Exercise aim: Write out again, unchanged, the line that has "Task: 3D bounding box." and each following line through the end of the entries below; leave pictures out.

Data extracted from a collection
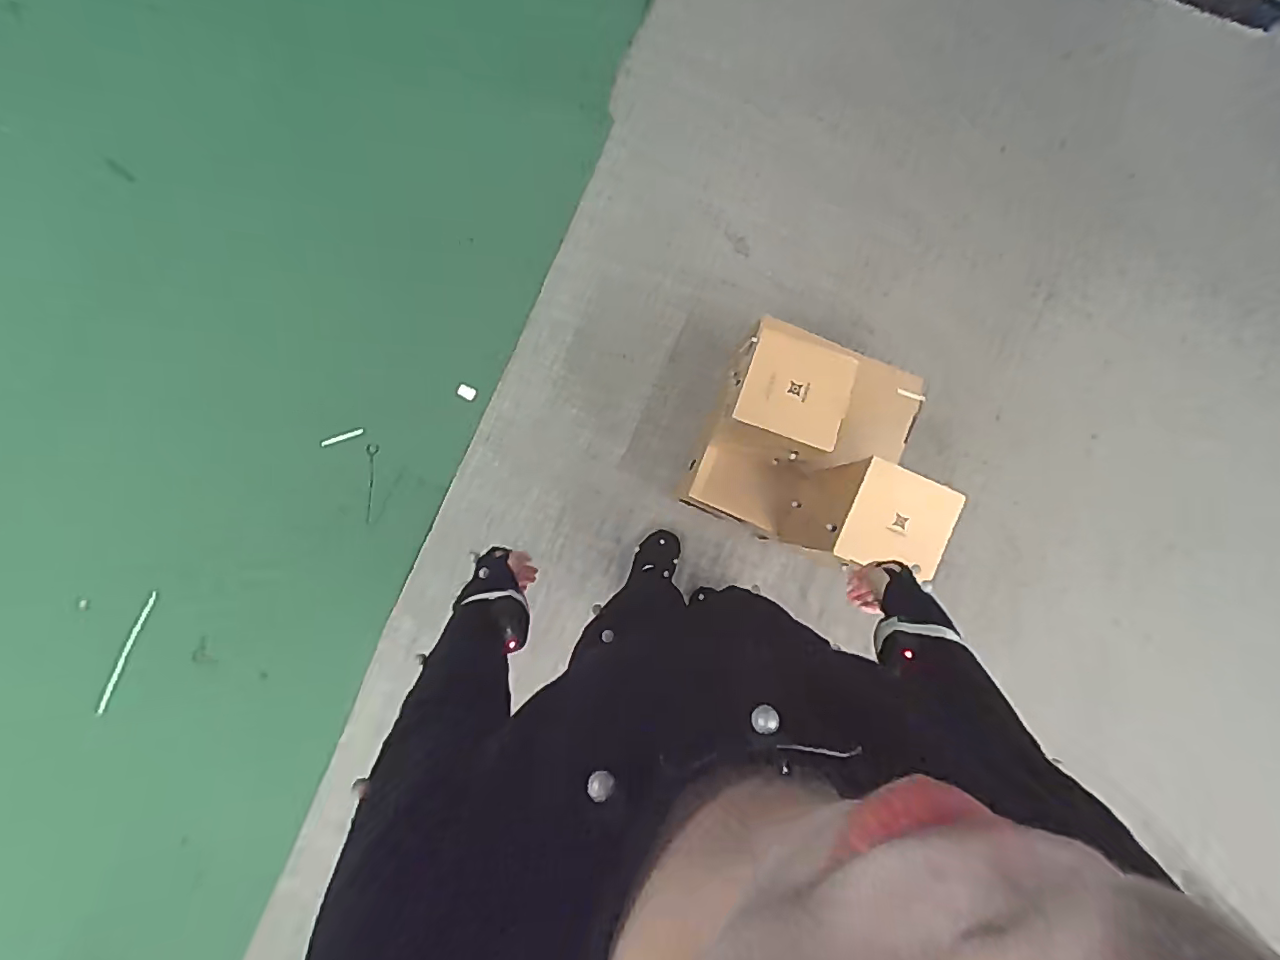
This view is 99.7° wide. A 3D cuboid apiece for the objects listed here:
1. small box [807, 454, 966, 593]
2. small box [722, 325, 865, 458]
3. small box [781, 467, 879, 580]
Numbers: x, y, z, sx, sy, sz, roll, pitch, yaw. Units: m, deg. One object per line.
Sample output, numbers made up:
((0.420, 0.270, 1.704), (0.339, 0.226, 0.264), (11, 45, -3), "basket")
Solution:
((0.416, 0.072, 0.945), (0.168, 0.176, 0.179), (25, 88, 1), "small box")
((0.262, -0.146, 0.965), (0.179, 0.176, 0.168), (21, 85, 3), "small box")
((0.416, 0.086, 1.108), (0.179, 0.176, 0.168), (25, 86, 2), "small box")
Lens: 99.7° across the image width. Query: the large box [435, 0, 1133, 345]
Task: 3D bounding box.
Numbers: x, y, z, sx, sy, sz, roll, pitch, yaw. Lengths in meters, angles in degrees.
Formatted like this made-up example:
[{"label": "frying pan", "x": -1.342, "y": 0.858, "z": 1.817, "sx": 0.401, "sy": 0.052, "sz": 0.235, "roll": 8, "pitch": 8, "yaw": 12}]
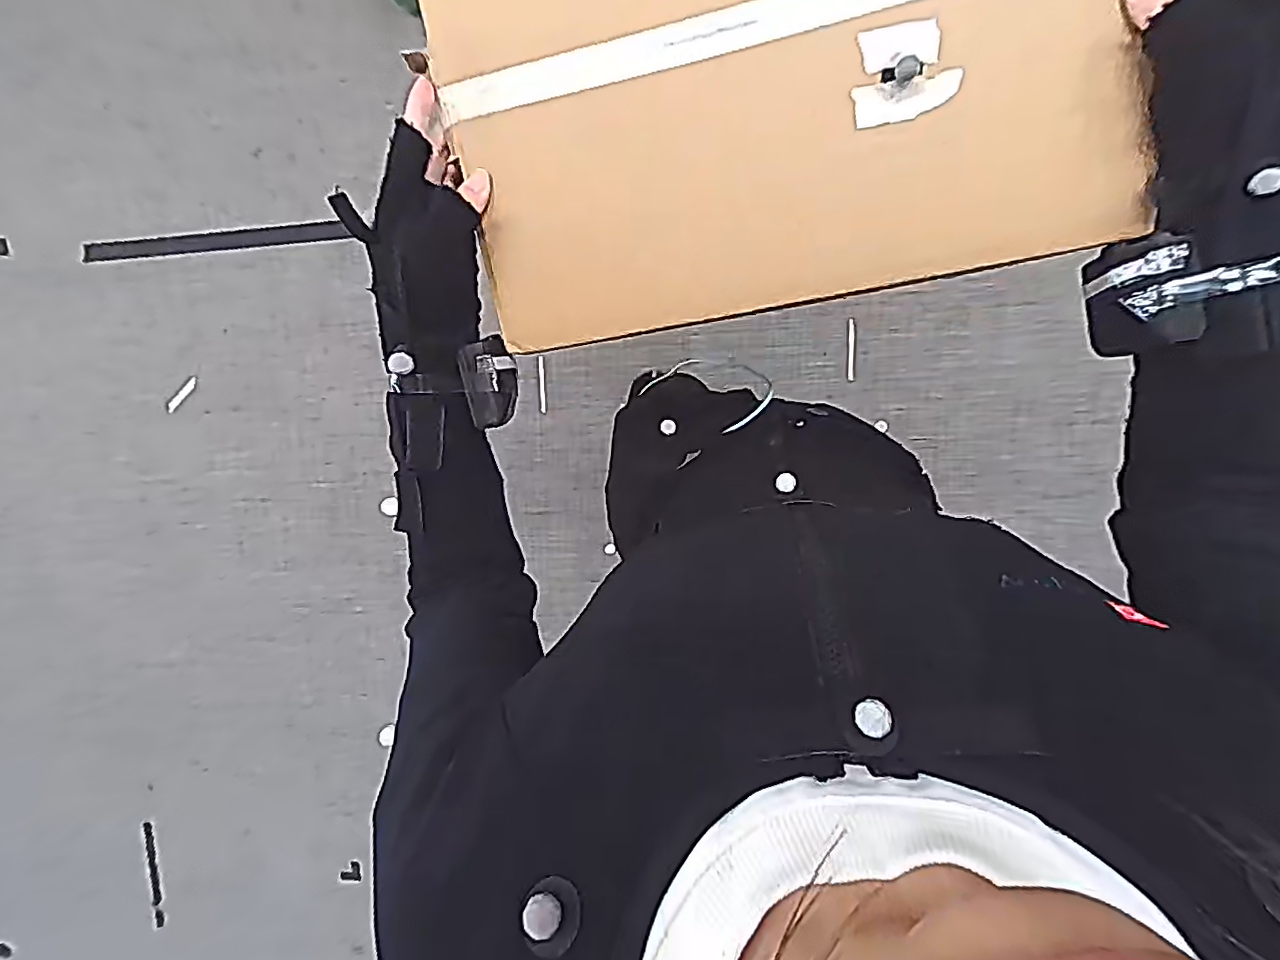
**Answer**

Exercise solution:
Task: 3D bounding box.
Numbers: x, y, z, sx, sy, sz, roll, pitch, yaw. Lengths in meters, angles in degrees.
Formatted like this made-up example:
[{"label": "frying pan", "x": -1.342, "y": 0.858, "z": 1.817, "sx": 0.401, "sy": 0.052, "sz": 0.235, "roll": 8, "pitch": 8, "yaw": 12}]
**Answer**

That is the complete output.